Food · Cuisines
Northern Chinese cooking (Beijing / Shandong fusion)
What it is
'Northern Chinese cuisine' is not one of the eight canonical regional cuisines, but it's a useful umbrella for the cooking of the wheat-belt north — Beijing, Tianjin, Shandong, Hebei, Shanxi, parts of Henan. Strong overlap with Lu (Shandong) cuisine, with Manchurian and Mongolian influences in Beijing's imperial-era kitchens.
Pillars: - **Wheat staples** — noodles, dumplings, mantou (steamed bread), pancakes. - **Lamb and beef** more than pork. - **Salt and clear broths** rather than chilli or fermented sauces. - **Vinegar** (Shanxi vinegar in particular) as a condiment.
Canonical dishes
- Peking duck (北京烤鸭) — the iconic dish; air-dried roast duck with thin pancakes, scallions, cucumber, sweet bean sauce.
- Beef noodle soup, northern style — clear broth, hand-pulled noodles, braised beef.
- Lamb hot pot, Beijing-Mongolian style — clear broth, thinly sliced lamb, sesame dipping sauce.
- Boiled dumplings (水饺) — pork-and-cabbage, lamb-and-leek, vegetable.
- Zhajiangmian (炸酱面) — wheat noodles with fermented soybean paste and pork.
- Jianbing (煎饼) — savoury crepe; Tianjin and Shandong claim the original.

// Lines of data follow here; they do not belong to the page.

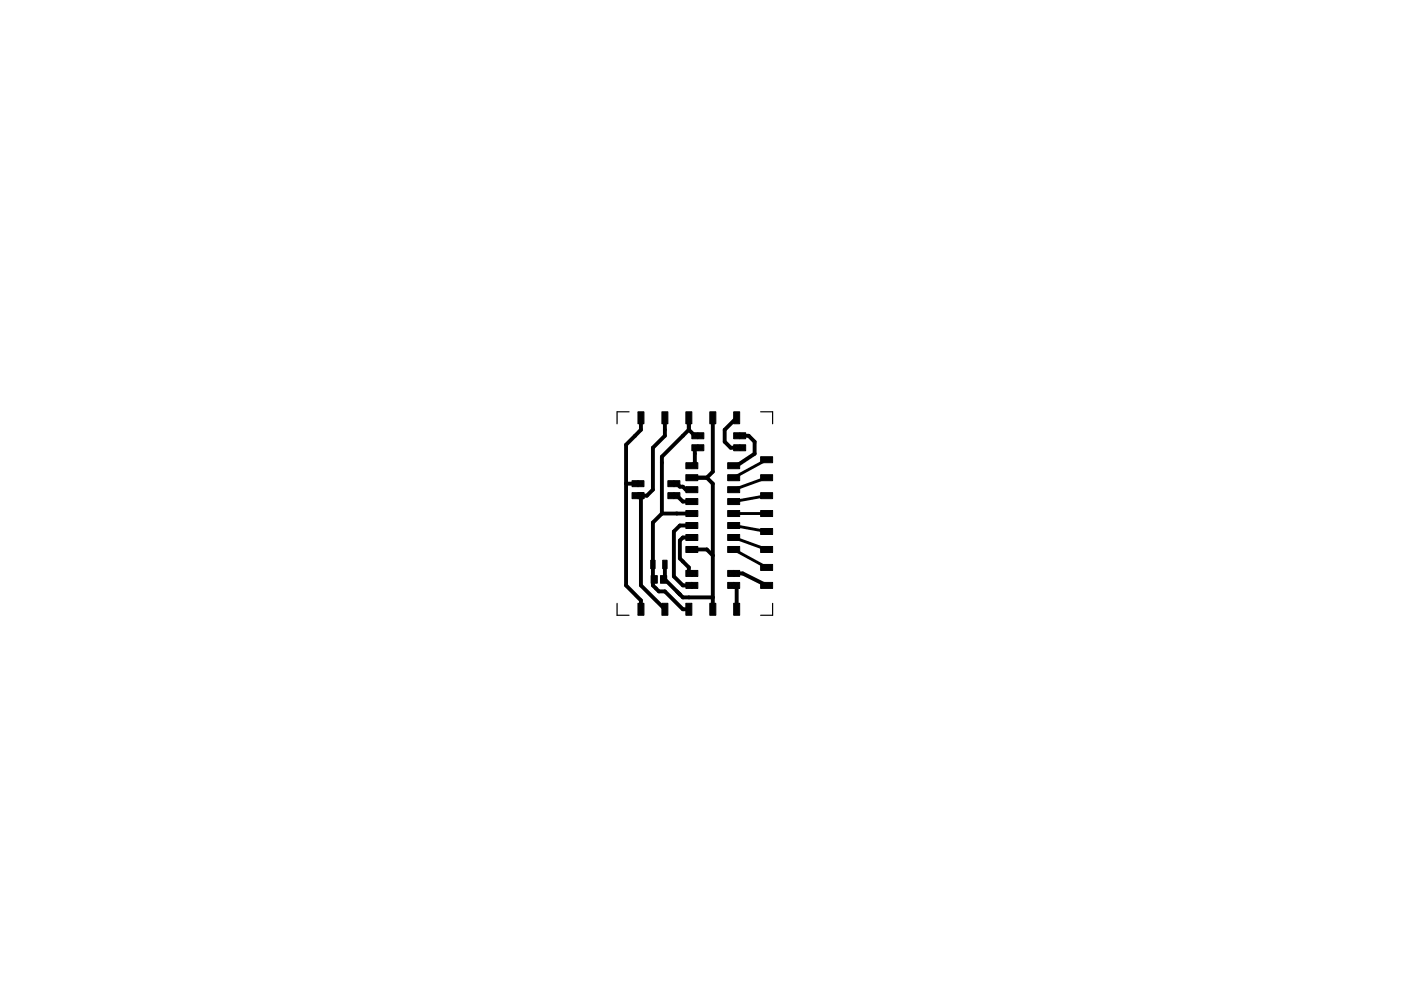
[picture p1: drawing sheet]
<svg xmlns="http://www.w3.org/2000/svg" width="297mm" height="210mm" viewBox="0 0 297 210" stroke-linecap="round" stroke-linejoin="round" font-family="sans-serif">
<g fill="#000" stroke="#000" stroke-width=".21">
<path d="M135.3 87.3h1.2v2.6h-1.2zM140.3 87.3h1.3v2.6h-1.3zM145.4 98.1h2.6v1.3h-2.6zM145.4 87.3h1.3v2.6h-1.3zM150.5 87.3h1.3v2.6h-1.3zM154.3 98.1h2.5v1.3h-2.5zM155.6 87.3h1.2v2.6h-1.2zM161.3 96.8h2.5v1.3h-2.5zM138 118.8h.9v1.8h-.9zM140.5 118.8h.9v1.8h-.9zM145.4 100.6h2.6v1.3h-2.6zM145.4 103.2h2.6v1.3h-2.6z"/>
<path d="M145.4 105.7h2.6v1.3h-2.6zM145.4 108.2h2.6v1.3h-2.6zM145.4 110.8h2.6v1.3h-2.6zM145.4 113.3h2.6v1.3h-2.6zM145.4 115.9h2.6v1.2h-2.6zM154.3 115.9h2.5v1.2h-2.5zM154.3 113.3h2.5v1.3h-2.5zM154.3 110.8h2.5v1.3h-2.5zM154.3 108.2h2.5v1.3h-2.5zM154.3 105.7h2.5v1.3h-2.5zM154.3 103.2h2.5v1.3h-2.5zM154.3 100.6h2.5v1.3h-2.5z"/>
<path d="M161.3 119.7h2.5v1.2h-2.5zM161.3 115.9h2.5v1.2h-2.5zM161.3 112.1h2.5v1.2h-2.5zM161.3 108.2h2.5v1.3h-2.5zM161.3 104.5h2.5v1.2h-2.5zM161.3 100.6h2.5v1.3h-2.5zM135.3 127.9h1.2v2.6h-1.2zM138 122h1.4v1.7h-1.4zM140 122h1.4v1.7h-1.4zM140.3 127.9h1.3v2.6h-1.3zM145.4 127.9h1.3v2.6h-1.3zM145.4 120.9h1.3v1.3h-1.3z"/>
<path d="M150.5 127.9h1.3v2.6h-1.3zM155.6 127.9h1.2v2.6h-1.2zM161.3 123.5h2.5v1.3h-2.5z"/>
</g>
<g fill="none" stroke="#000" stroke-width=".83">
<path d="M135.9 88.6v2.5l-3.2 3.2v29.8l3.2 3.2v1.9M141 88.6v3.8l-2.6 2.5v8.9l-1.2 1.3h-1.3v19l5.1 5.1M146 88.6v2.5M146 91.1l1.3 1.3h1.3M146 91.1l-5.7 5.7v12.1M148.6 94.9h-1.3v3.2l-.6 .6M151.1 88.6v11.4l-1.2 1.3M156.2 88.6l-2.6 2.5v2.6l1.3 1.2h2.6M156.2 92.4h2.5l1.3 1.3v2.5l-3.8 2.5h-.6M132.7 102.6h3.2M140.3 108.9l-1.9 1.9v8.9M140.3 108.9h6.4"/>
<path d="M141 119.3v3.3l-.3 .3M142.2 102.6h1.3l.6 .6h.7l.6 .6h1.3M142.2 105.1h1.3l1.3 1.2h1.9M146 116.5h3.9l1.2 1.3M146.7 114h-1.9l-.7 .6v3.8l1.9 1.9v1.3h1.3M146.7 111.4h-2.6l-1.2 1.3v9.5l1.9 1.9h2.5M146.7 101.3h3.2M149.9 101.3l1.2 1.3v26.6M138.4 120.3v2.3l.3 .3-.3 .2v1l1.3 1.3h1.3l3.8 3.8h1.2M141 122.9l3.8 3.8h6.3M154.9 121.6h2.6l5 2.5M156.2 124.1v5.1"/>
</g>
<path d="M162.5 97.5l-6.9 3.8M155.6 116.5l6.9 3.8M155.6 114l6.9 2.5M155.6 111.4l6.9 1.3M155.6 108.9h6.9M162.5 105.1l-6.9 1.2M162.5 101.3l-6.9 2.5" fill="none" stroke="#000" stroke-width=".61"/>
<path d="M133.4 87.3h-2.6v2.6M161.3 87.3h2.5v2.6M130.8 127.9v2.6h2.6M163.8 127.9v2.6h-2.5" fill="none" stroke="#000" stroke-width=".25"/>
<circle cx="146" cy="121.6" r=".02" fill="#fff" stroke="#000" stroke-width=".21"/>
<path d="M146.7 120.9h1.3v1.3h-1.3z" fill="#000" stroke="#000" stroke-width=".21"/>
<circle cx="147.3" cy="121.6" r=".02" fill="#fff" stroke="#000" stroke-width=".21"/>
<path d="M154.3 120.9h1.3v1.3h-1.3z" fill="#000" stroke="#000" stroke-width=".21"/>
<circle cx="154.9" cy="121.6" r=".02" fill="#fff" stroke="#000" stroke-width=".21"/>
<path d="M155.6 120.9h1.2v1.3h-1.2z" fill="#000" stroke="#000" stroke-width=".21"/>
<circle cx="156.2" cy="121.6" r=".02" fill="#fff" stroke="#000" stroke-width=".21"/>
<path d="M145.4 123.5h1.3v1.3h-1.3z" fill="#000" stroke="#000" stroke-width=".21"/>
<circle cx="146" cy="124.1" r=".02" fill="#fff" stroke="#000" stroke-width=".21"/>
<path d="M146.7 123.5h1.3v1.3h-1.3z" fill="#000" stroke="#000" stroke-width=".21"/>
<circle cx="147.3" cy="124.1" r=".02" fill="#fff" stroke="#000" stroke-width=".21"/>
<path d="M155.6 123.5h1.2v1.3h-1.2z" fill="#000" stroke="#000" stroke-width=".21"/>
<circle cx="156.2" cy="124.1" r=".02" fill="#fff" stroke="#000" stroke-width=".21"/>
<path d="M154.3 123.5h1.3v1.3h-1.3z" fill="#000" stroke="#000" stroke-width=".21"/>
<circle cx="154.9" cy="124.1" r=".02" fill="#fff" stroke="#000" stroke-width=".21"/>
<path d="M146.7 94.3h1.3v1.3h-1.3z" fill="#000" stroke="#000" stroke-width=".21"/>
<circle cx="147.3" cy="94.9" r=".02" fill="#fff" stroke="#000" stroke-width=".21"/>
<path d="M148 94.3h1.2v1.3h-1.2z" fill="#000" stroke="#000" stroke-width=".21"/>
<circle cx="148.6" cy="94.9" r=".02" fill="#fff" stroke="#000" stroke-width=".21"/>
<path d="M156.8 94.3h1.3v1.3h-1.3z" fill="#000" stroke="#000" stroke-width=".21"/>
<circle cx="157.5" cy="94.9" r=".02" fill="#fff" stroke="#000" stroke-width=".21"/>
<path d="M155.6 94.3h1.2v1.3h-1.2z" fill="#000" stroke="#000" stroke-width=".21"/>
<circle cx="156.2" cy="94.9" r=".02" fill="#fff" stroke="#000" stroke-width=".21"/>
<path d="M142.9 101.9h1.2v1.3h-1.2z" fill="#000" stroke="#000" stroke-width=".21"/>
<circle cx="143.5" cy="102.6" r=".02" fill="#fff" stroke="#000" stroke-width=".21"/>
<path d="M141.6 101.9h1.3v1.3h-1.3z" fill="#000" stroke="#000" stroke-width=".21"/>
<circle cx="142.2" cy="102.6" r=".02" fill="#fff" stroke="#000" stroke-width=".21"/>
<path d="M134 101.9h1.3v1.3h-1.3z" fill="#000" stroke="#000" stroke-width=".21"/>
<circle cx="134.6" cy="102.6" r=".02" fill="#fff" stroke="#000" stroke-width=".21"/>
<path d="M135.3 101.9h1.2v1.3h-1.2z" fill="#000" stroke="#000" stroke-width=".21"/>
<circle cx="135.9" cy="102.6" r=".02" fill="#fff" stroke="#000" stroke-width=".21"/>
<path d="M142.9 104.5h1.2v1.2h-1.2z" fill="#000" stroke="#000" stroke-width=".21"/>
<circle cx="143.5" cy="105.1" r=".02" fill="#fff" stroke="#000" stroke-width=".21"/>
<path d="M141.6 104.5h1.3v1.2h-1.3z" fill="#000" stroke="#000" stroke-width=".21"/>
<circle cx="142.2" cy="105.1" r=".02" fill="#fff" stroke="#000" stroke-width=".21"/>
<path d="M135.3 104.5h1.2v1.2h-1.2z" fill="#000" stroke="#000" stroke-width=".21"/>
<circle cx="135.9" cy="105.1" r=".02" fill="#fff" stroke="#000" stroke-width=".21"/>
<path d="M135.3 104.5h1.2v1.2h-1.2z" fill="#000" stroke="#000" stroke-width=".21"/>
<circle cx="135.9" cy="105.1" r=".02" fill="#fff" stroke="#000" stroke-width=".21"/>
<path d="M134 104.5h1.3v1.2h-1.3z" fill="#000" stroke="#000" stroke-width=".21"/>
<circle cx="134.6" cy="105.1" r=".02" fill="#fff" stroke="#000" stroke-width=".21"/>
<path d="M156.8 91.8h1.3v1.2h-1.3z" fill="#000" stroke="#000" stroke-width=".21"/>
<circle cx="157.5" cy="92.4" r=".02" fill="#fff" stroke="#000" stroke-width=".21"/>
<path d="M155.6 91.8h1.2v1.2h-1.2z" fill="#000" stroke="#000" stroke-width=".21"/>
<circle cx="156.2" cy="92.4" r=".02" fill="#fff" stroke="#000" stroke-width=".21"/>
<path d="M146.7 91.8h1.3v1.2h-1.3z" fill="#000" stroke="#000" stroke-width=".21"/>
<circle cx="147.3" cy="92.4" r=".02" fill="#fff" stroke="#000" stroke-width=".21"/>
<path d="M148 91.8h1.2v1.2h-1.2z" fill="#000" stroke="#000" stroke-width=".21"/>
<circle cx="148.6" cy="92.4" r=".02" fill="#fff" stroke="#000" stroke-width=".21"/>
</svg>

- Sliced/scissor-cut/cat's-ear noodles (Shanxi).
Where to eat
Beijing institutions: Quanjude (Peking duck), Bianyifang (older Peking duck house), Donglaishun (lamb hot pot). Outside Beijing, the northern style is most fully expressed in Tianjin, Jinan and Taiyuan.
Style notes
Less spicy and less sweet than southern cuisines. Pair with Yanjing or Tsingtao beer, Beijing erguotou (the local strong baijiu), or chrysanthemum tea.